At the end of the 75th anniversary year of the Unimog, Mercedes-Benz Trucks blessed its range of off-road 4X4 vehicles with an extra 54hp.
This increase gives the two top of the line models 354hp, the highest output so far available from the 7.7L in-line six-cylinder engine. Maximum torque is also up by 180 Nm to 1,380Nm, which is available from 1,800rpm.
To cope with the extra output, the company's engineers have purpose-designed and built what is described as an automated manual transmission to help manage gear shifts.
Dubbed the Opti-drive, the system offers improved gear change coordination and clutch control, thus enabling quicker shifts which should offer a smoother ride and improved fuel efficiency.
In addition to the extra power and new transmission, the Unimog implement carrier now has the option of factory fitted self-levelling suspension for the rear axle.
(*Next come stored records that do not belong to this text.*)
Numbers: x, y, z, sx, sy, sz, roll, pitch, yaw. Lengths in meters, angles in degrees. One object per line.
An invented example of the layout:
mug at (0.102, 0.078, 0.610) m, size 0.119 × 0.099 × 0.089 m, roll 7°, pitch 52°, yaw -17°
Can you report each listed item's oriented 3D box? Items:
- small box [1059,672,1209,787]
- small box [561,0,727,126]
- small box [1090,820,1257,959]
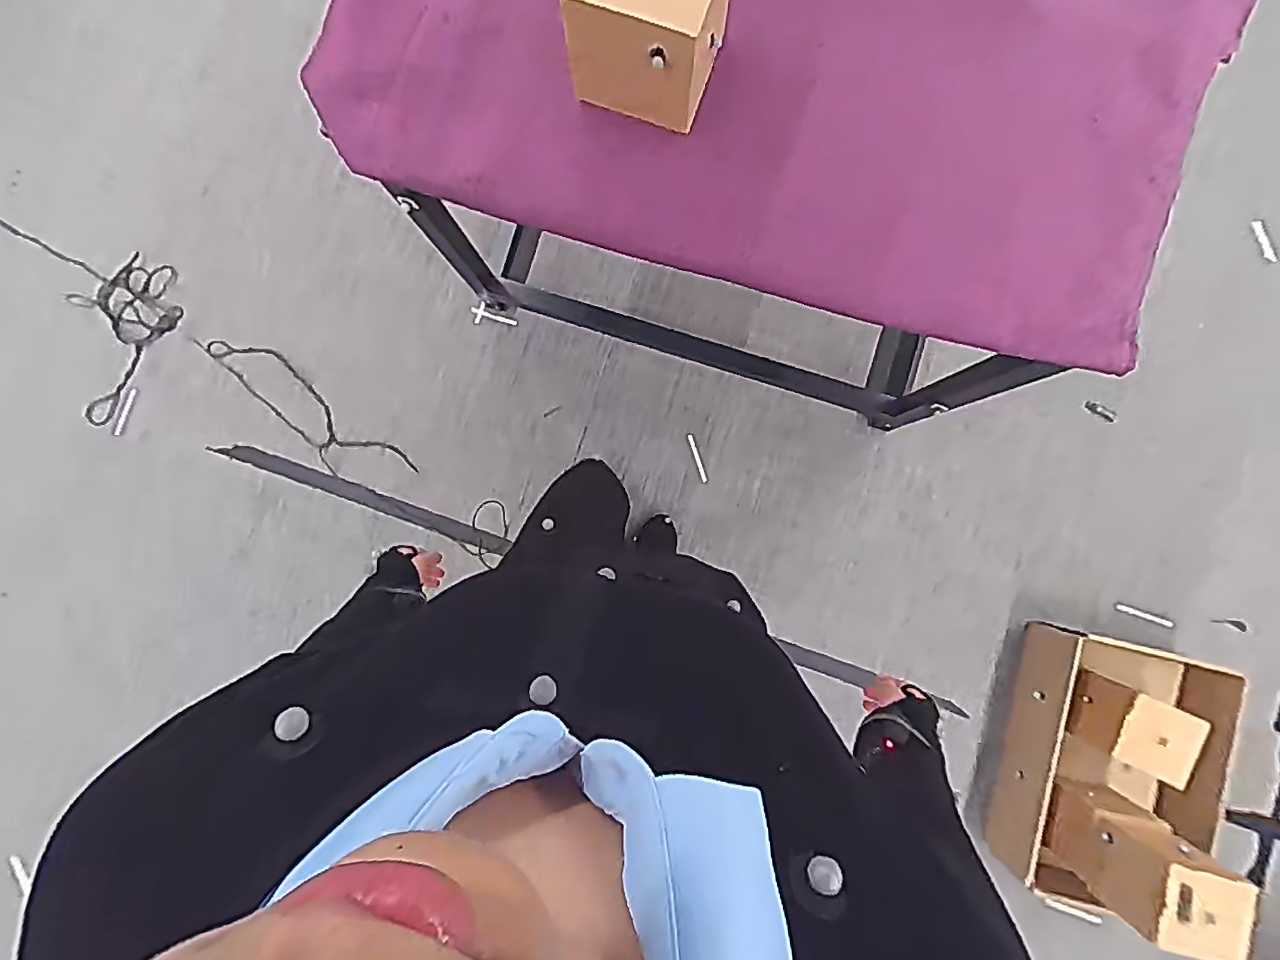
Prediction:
small box at (1.186, 0.593, 1.311) m, size 0.179 × 0.176 × 0.168 m, roll 24°, pitch 90°, yaw 2°
small box at (0.014, -0.612, 0.712) m, size 0.179 × 0.176 × 0.168 m, roll 19°, pitch 87°, yaw 2°
small box at (1.105, 0.854, 1.135) m, size 0.179 × 0.176 × 0.168 m, roll 14°, pitch 88°, yaw 1°

This is an entirely new set-up, based on gas accumulators and hydraulics rather than the hefty usual coil springs which have always been associated with the Unimog's comfort levels.
This latest arrangement is said to provide a constant driving level, irrespective of load status or any rear attachments that may be fitted.
Such hydropneumatic suspension systems have been around for almost as long as the Unimog itself , and at last the two have come together to provide greater handling stability and the ability to adjust ride height to ease the attachment of implements.
Easier steering for the Unimog
With the increase in power comes a further aid to safe and comfortable operation in the form of a 'Comfort' steering option.
Designed for easier steering at low manoeuvring speeds, or even when stationary, it is likely to be most useful when the vehicle is fitted with large-volume tyres or heavy front implements such as mowers.
The electro-hydraulic steering delivers a ‘feel’ that adapts to the driving situation rather than a single level of assistance which reduces feedback to the driver.
The U435 and U535 have maximum gross weights (with relevant special equipment) of 14t and 16.5t respectively. The first examples are expected to be available in the UK and Ireland this month.